Haj Shahbazkhan Mosque (or Haj Shahbaz Khan Mosque; ) is a mosque located in the Ojagh Crossroads of Kermanshah, Iran.

The founder of Haj Shahbazkhan Mosque is one of great ones of the Kalhor tribe, who in the Fathalishah reign gained the tribe’s Ghale beigy rank. He was a famous and valuable person in his era, and is held in great respect by the people in Kermanshah city. The mosque was built in 1235 AH (1818 CE). In the book “Ancient Kermanshahan” it is stated: “Haj Shahbazkhan and his six brothers, who were the founders of a well known tribe that is called Hajizadegan, established a mosque in Kermanshah city in 1225 AH (1809 CE). This structure was a place for seminary students for some years but at present is famous as Haj Shahbazkhan Mosque”.

The mosque is located in a basement, with an elevation of 1781 m, that has a prayer hall and chambers around its courtyard. The courtyard is of diagonal fashion in an elevation of 437 m and lies in the middle of the mosque surrounded by chambers and the prayer hall. It seems that in the middle of the courtyard was an oval shaped pool but at present it has been destroyed. Access to the mosque is through the west and east sides, and it is a brick building. The west side of the mosque is opened in to back row, and the east side accesses to Modarress Avenue. Each chamber is adorned with a separate beautiful arch that accesses the courtyard. The cornice (Gharnize) of the wall of the courtyard is decorated with tile work and picturesque inscriptions from verses of the Holy Qur'an. At the entrance door of each chamber are inscriptions in separate beautiful tile work. The east side of the mosque is separated from the courtyard by a vestibule that has a domed ceiling. This domed ceiling is decorated with special decorative and constructing designs with plaster (Rasmibandi), and around this dome are beautiful decorations (Moaghali) that are a kind of Islamic decoration done by small tiles among bricks. From inside the vestibule we can access a small room that is used as a store room. In the south side of the courtyard lies a prayer hall whose roof comprises twenty domes with twelve columns, each made of a single piece of stone. These supporting columns are carved  in a spinning form (pichi).
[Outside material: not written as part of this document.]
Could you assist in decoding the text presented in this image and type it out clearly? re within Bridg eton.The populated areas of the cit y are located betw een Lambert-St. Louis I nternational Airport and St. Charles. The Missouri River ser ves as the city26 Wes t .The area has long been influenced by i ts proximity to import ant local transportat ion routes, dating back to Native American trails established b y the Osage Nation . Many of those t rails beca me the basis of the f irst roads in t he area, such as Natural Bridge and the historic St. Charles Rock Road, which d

On the top of the columns there are capitals, each elaborately made of a single piece of stone and engraved in the form of steps. The domes which are present on the roof of the prayer hall are decorated with picturesque decorations (Rasmibandi), some of which are special decorations (Moaghali). The Rostrum (a high, staired seat from which a mullah gives his sermon) is located in the middle of the south side of the prayer hall that is decorated with colored tile work. The tiles which are used in the rostrum are colored light brown, azure tile and white, separated from each other with black lines. The chambers of the mosque were places for teaching seminary students.